How to Trellis Raspberry Plants

Training raspberries to grow up a support doesn’t have to be complicated. A trellised raspberry plant may be composed of posts and twine. Space the posts around 15 feet (4.5 m.) apart and then support the canes with the twine. Of course, this should be viewed as a temporary trellis system and because the plants are perennials, it might be better to build something more permanent from the get go.

For the home garden, a two-wire permanent trellis is sufficient. You will need two wooden posts that are 3-5 inches (8-13 cm.) across and 6-8 feet (2 m. or so) in length. Set the posts 2-3 feet (just under a meter) into the soil and space them 15-20 feet (5-6 m.) apart. At or near the top of each post, nail or screw a 24- to 30-inch (61-76 cm.) long crosspiece. Space the wires 2 feet (61 cm.) apart and 3-4 feet (a meter or so) above ground.
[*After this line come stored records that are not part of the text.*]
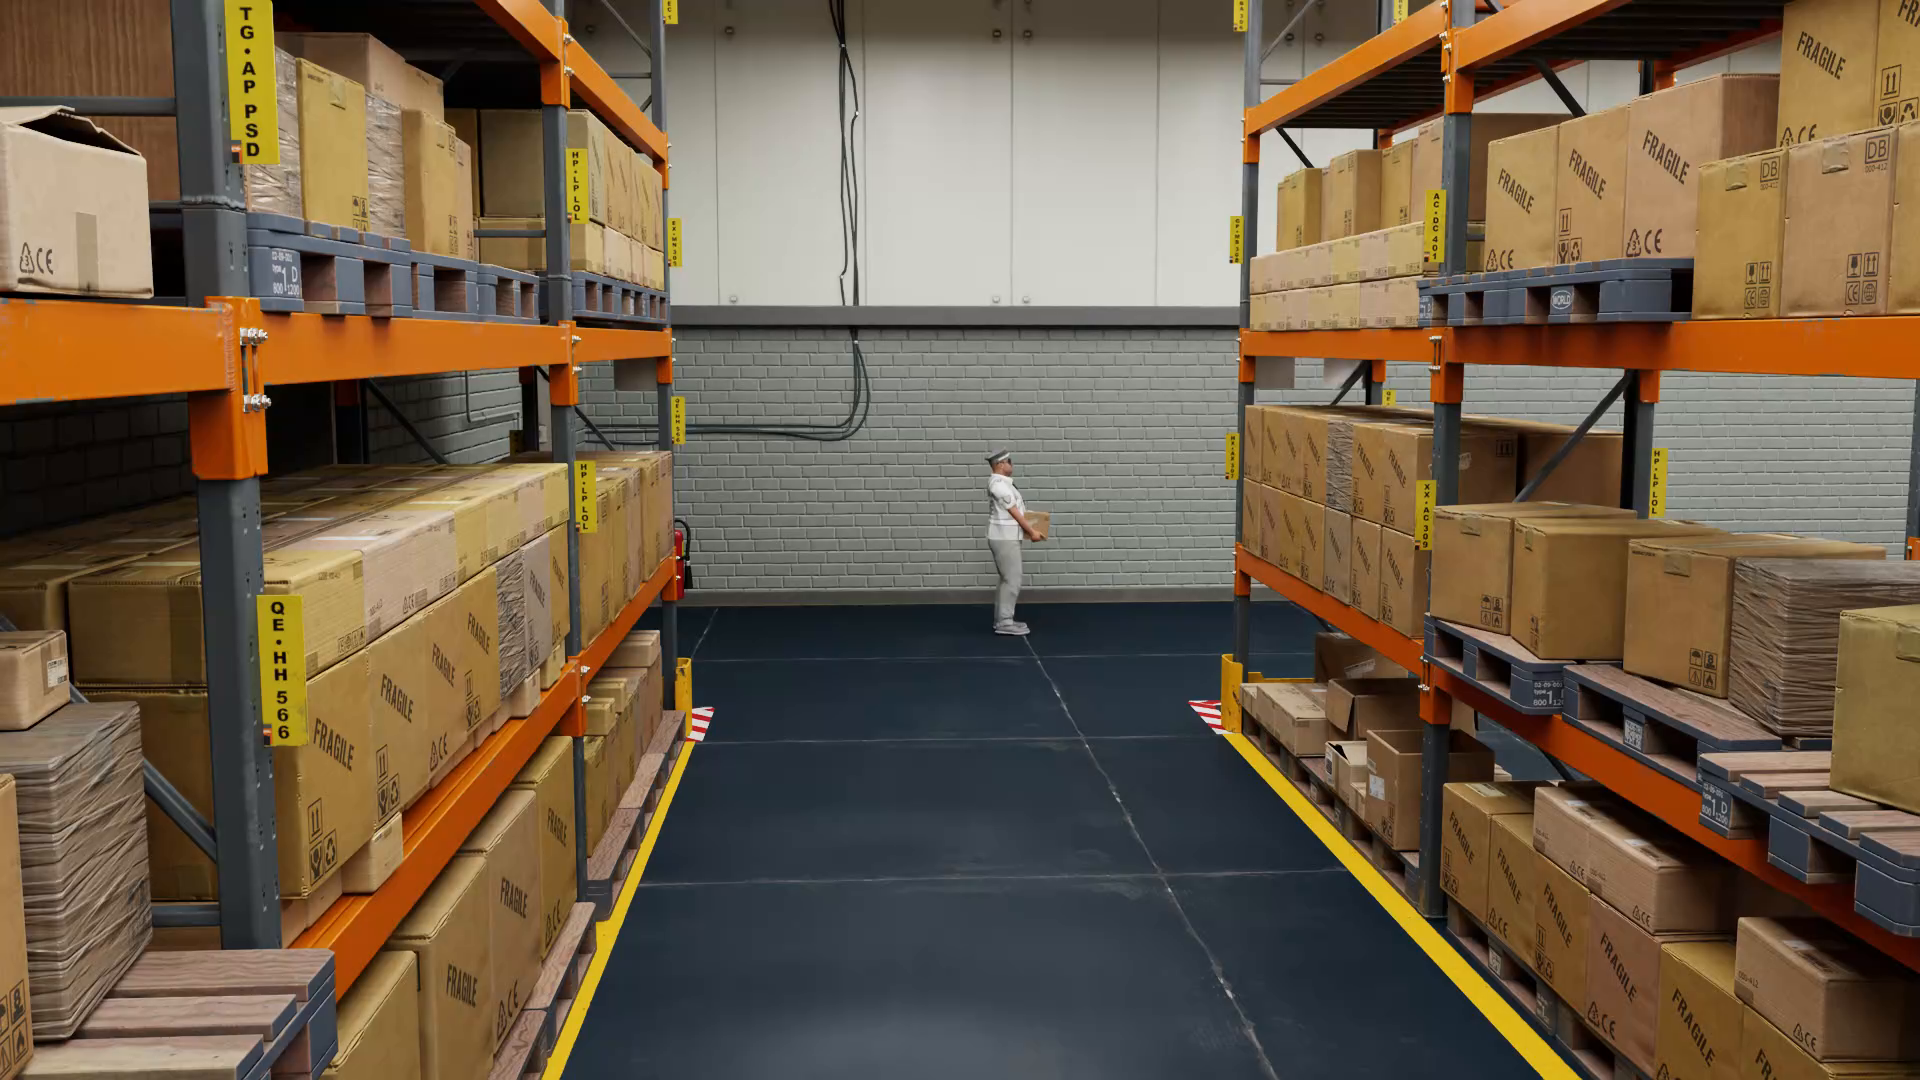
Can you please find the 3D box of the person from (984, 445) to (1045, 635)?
[{"bbox_3d":[0.510,-0.008,15.693,0.564,1.768,0.494,0,7,-4],"label":"person"}]
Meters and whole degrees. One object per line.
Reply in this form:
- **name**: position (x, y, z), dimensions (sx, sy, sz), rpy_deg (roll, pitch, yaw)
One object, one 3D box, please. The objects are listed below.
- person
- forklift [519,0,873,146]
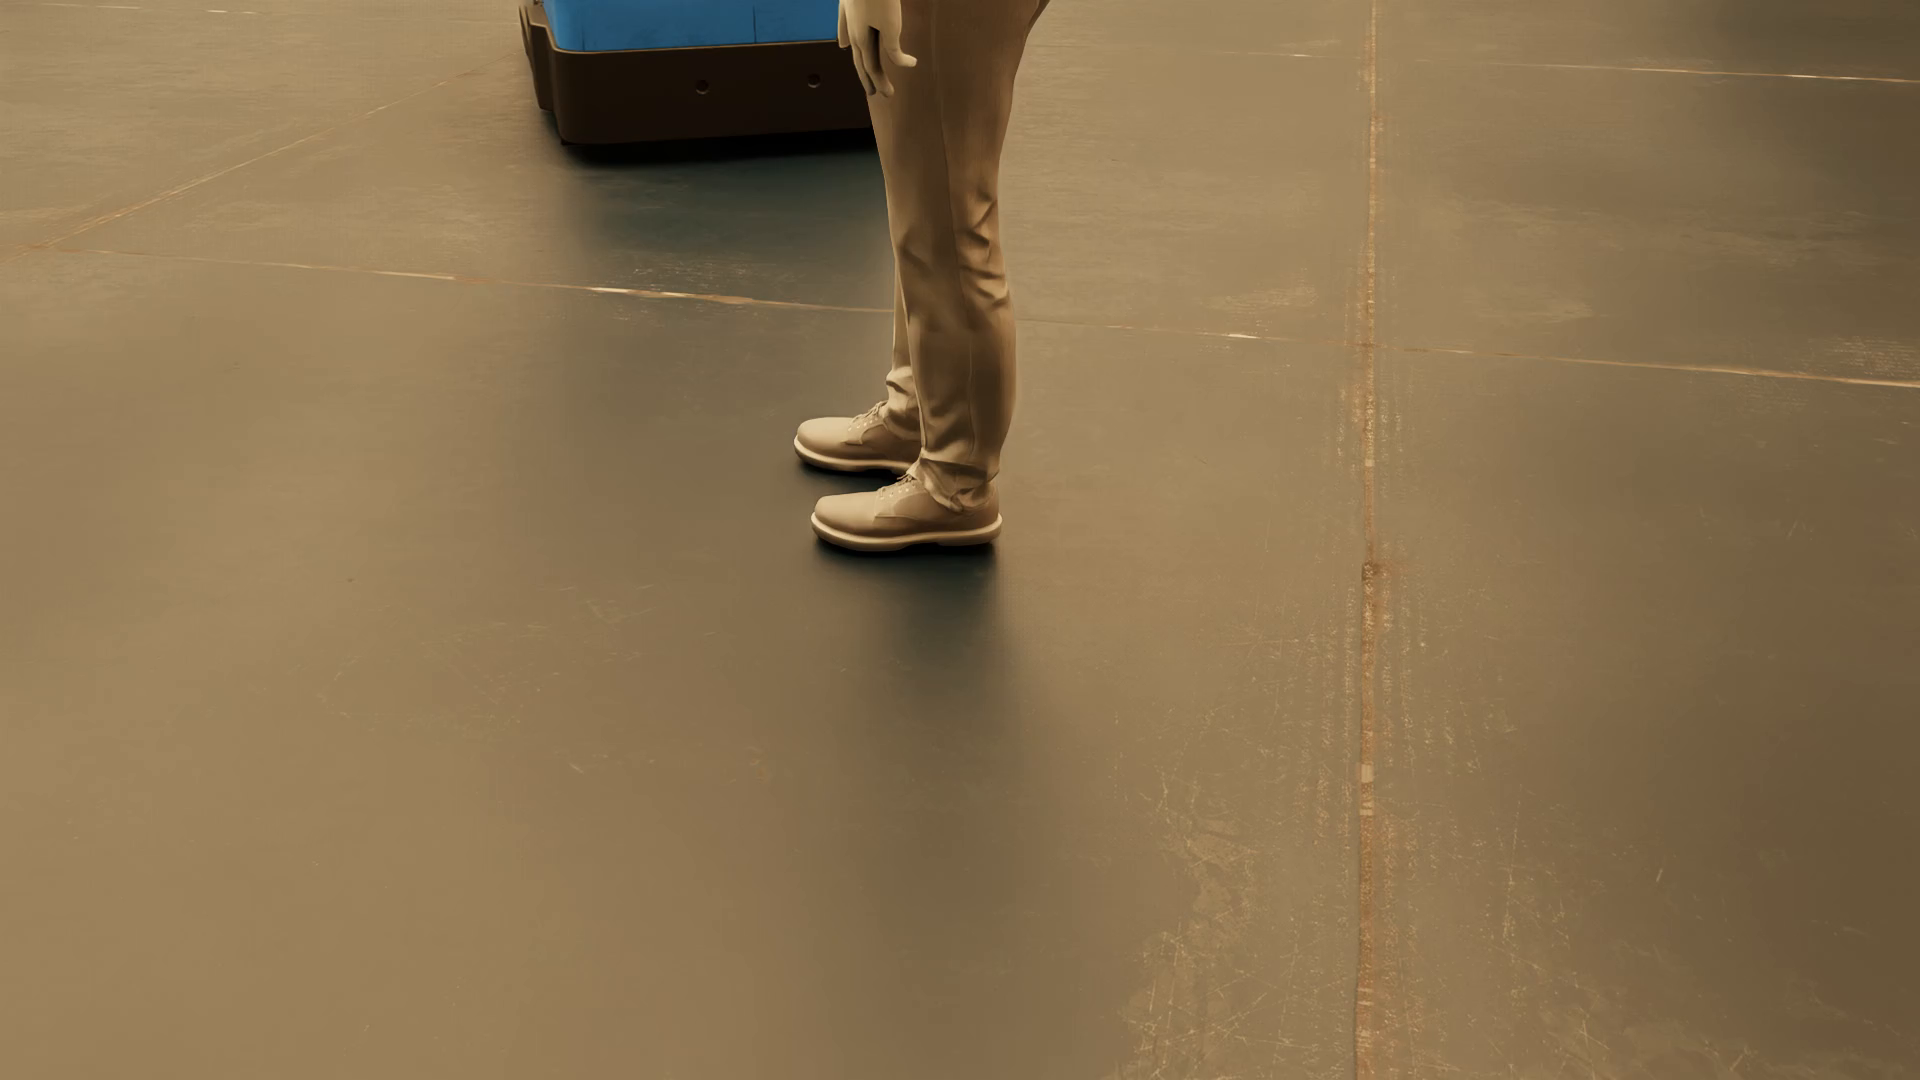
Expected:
- **person**: position (-0.065, -0.773, 2.134), dimensions (0.531, 1.695, 0.587), rpy_deg (6, 27, 11)
- **forklift**: position (-0.948, -3.004, 5.200), dimensions (1.130, 2.935, 3.031), rpy_deg (-7, 28, -14)
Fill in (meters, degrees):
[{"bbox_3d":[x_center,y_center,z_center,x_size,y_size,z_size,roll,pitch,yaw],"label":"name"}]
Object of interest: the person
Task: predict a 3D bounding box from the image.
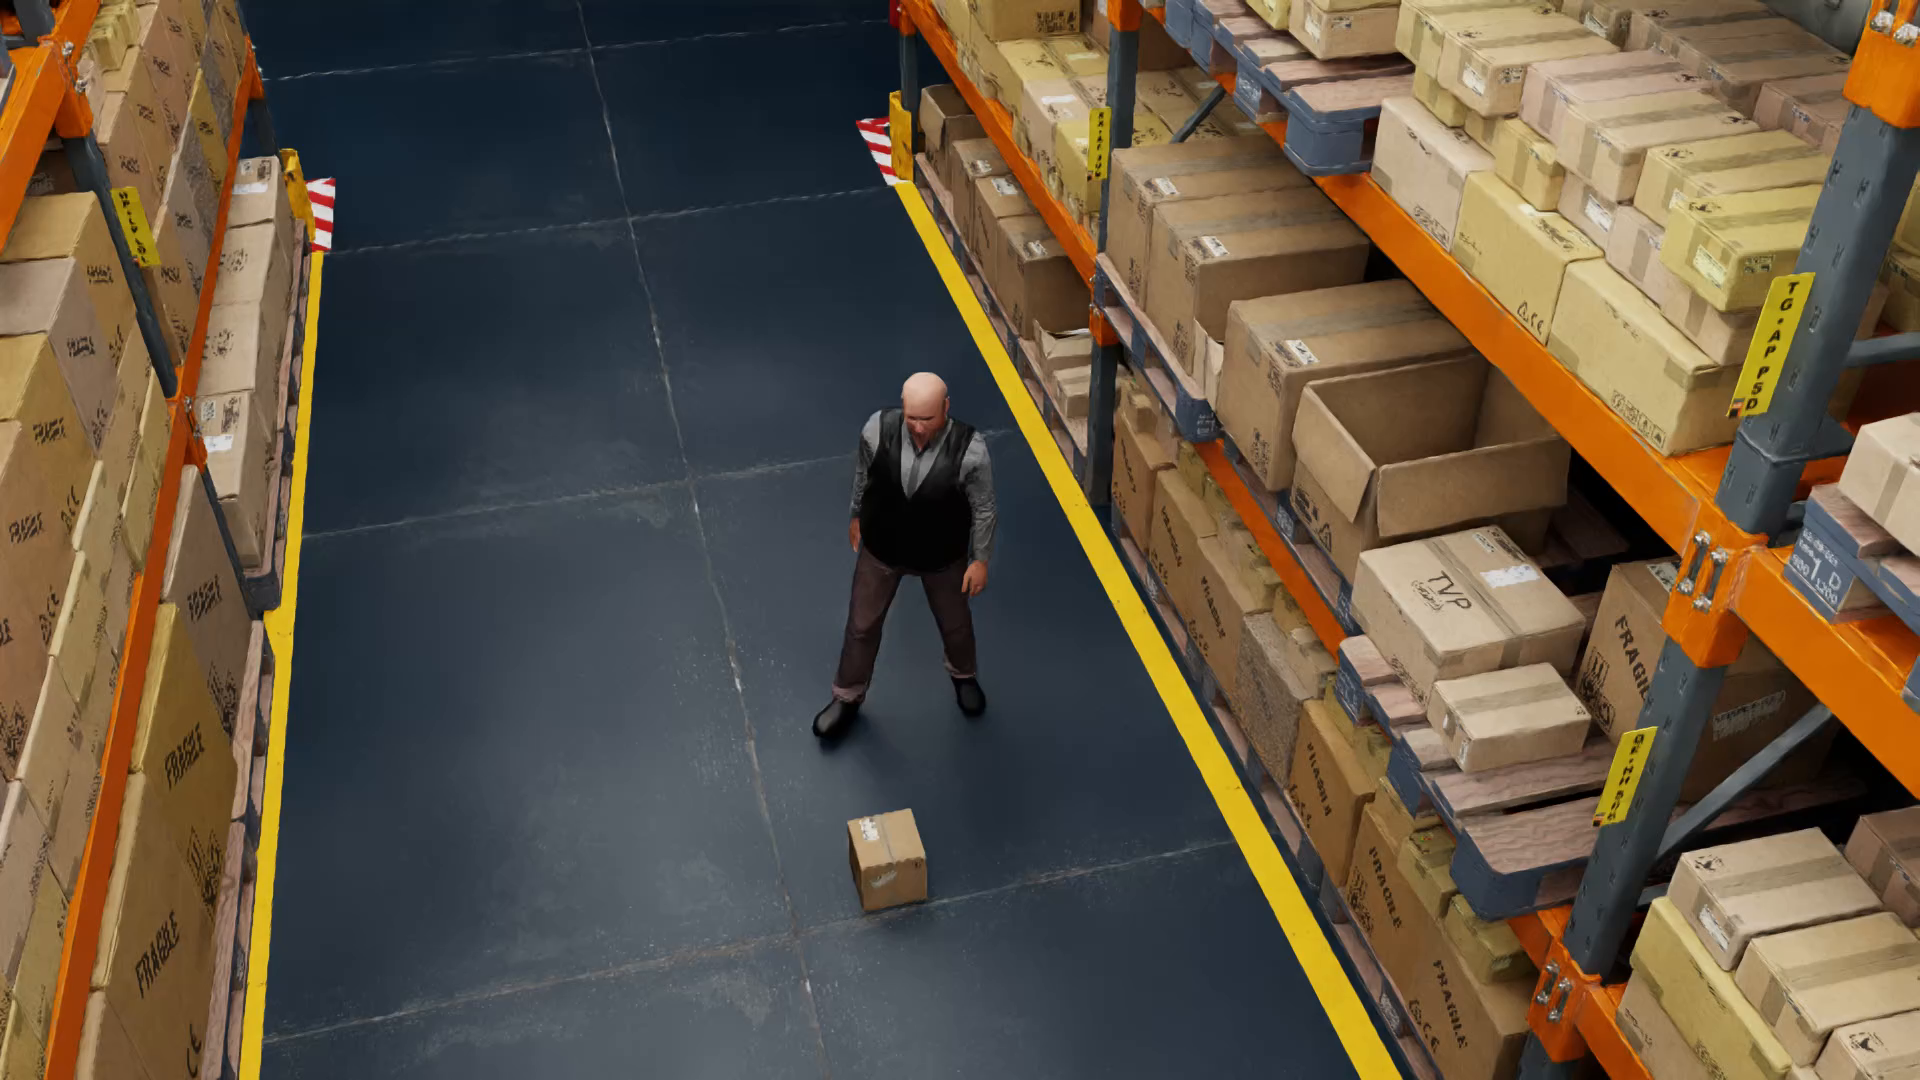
[{"bbox_3d":[-0.218,0.056,6.636,0.714,1.706,0.626,9,39,12],"label":"person"}]
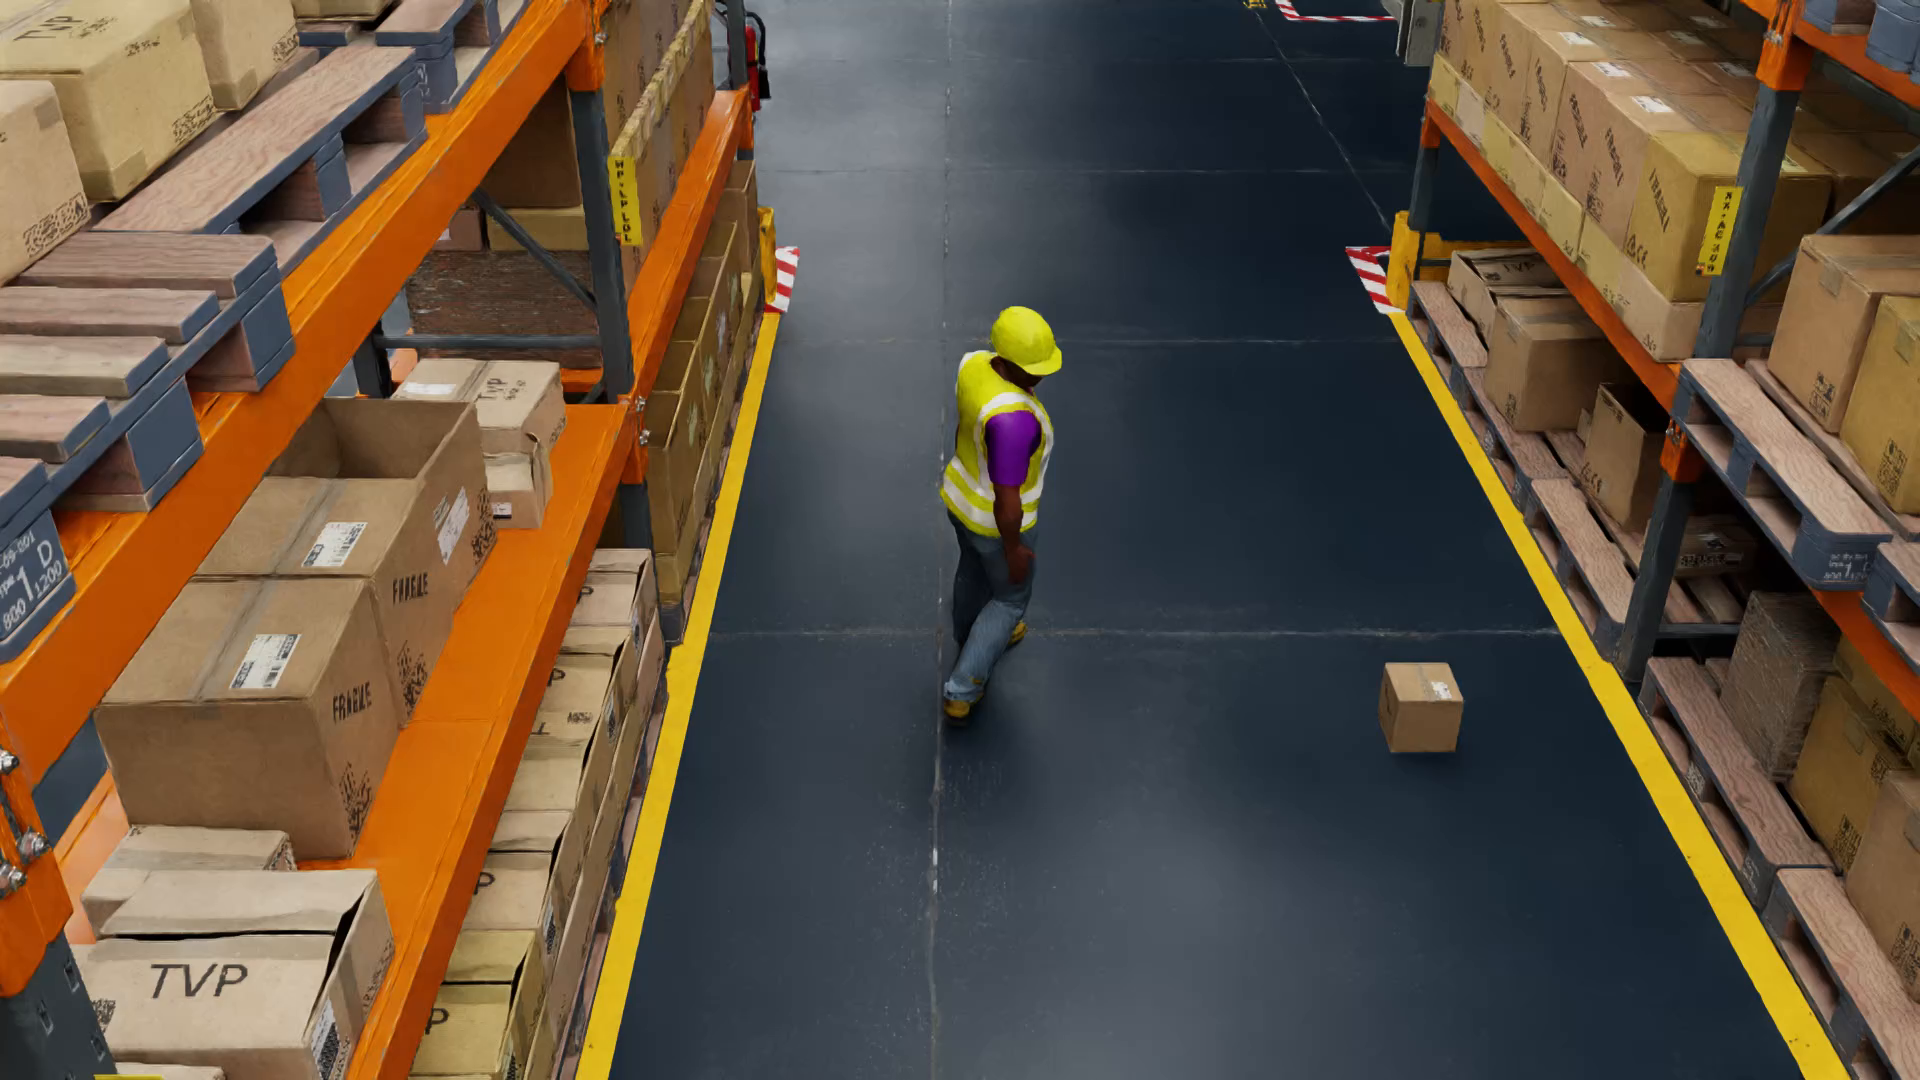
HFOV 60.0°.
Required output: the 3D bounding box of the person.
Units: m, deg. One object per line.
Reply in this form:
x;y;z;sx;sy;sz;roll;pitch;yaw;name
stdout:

In the spring after pruning, gently tie the raspberry canes to the support wires using twine or cloth strips. This will allow for better light penetration into the center of the plants, which will promote shoot development and, thus, a larger yield of berries.

Growing raspberries on a trellis in this manner makes harvesting so much easier and facilitates pruning since trellising encourages new cane growth in the center rather than just along the outer edges of the hedgerow. Plus, some varieties such as the summer bearing ‘Dorimanred’ really require trellising to support their trailing growth habit.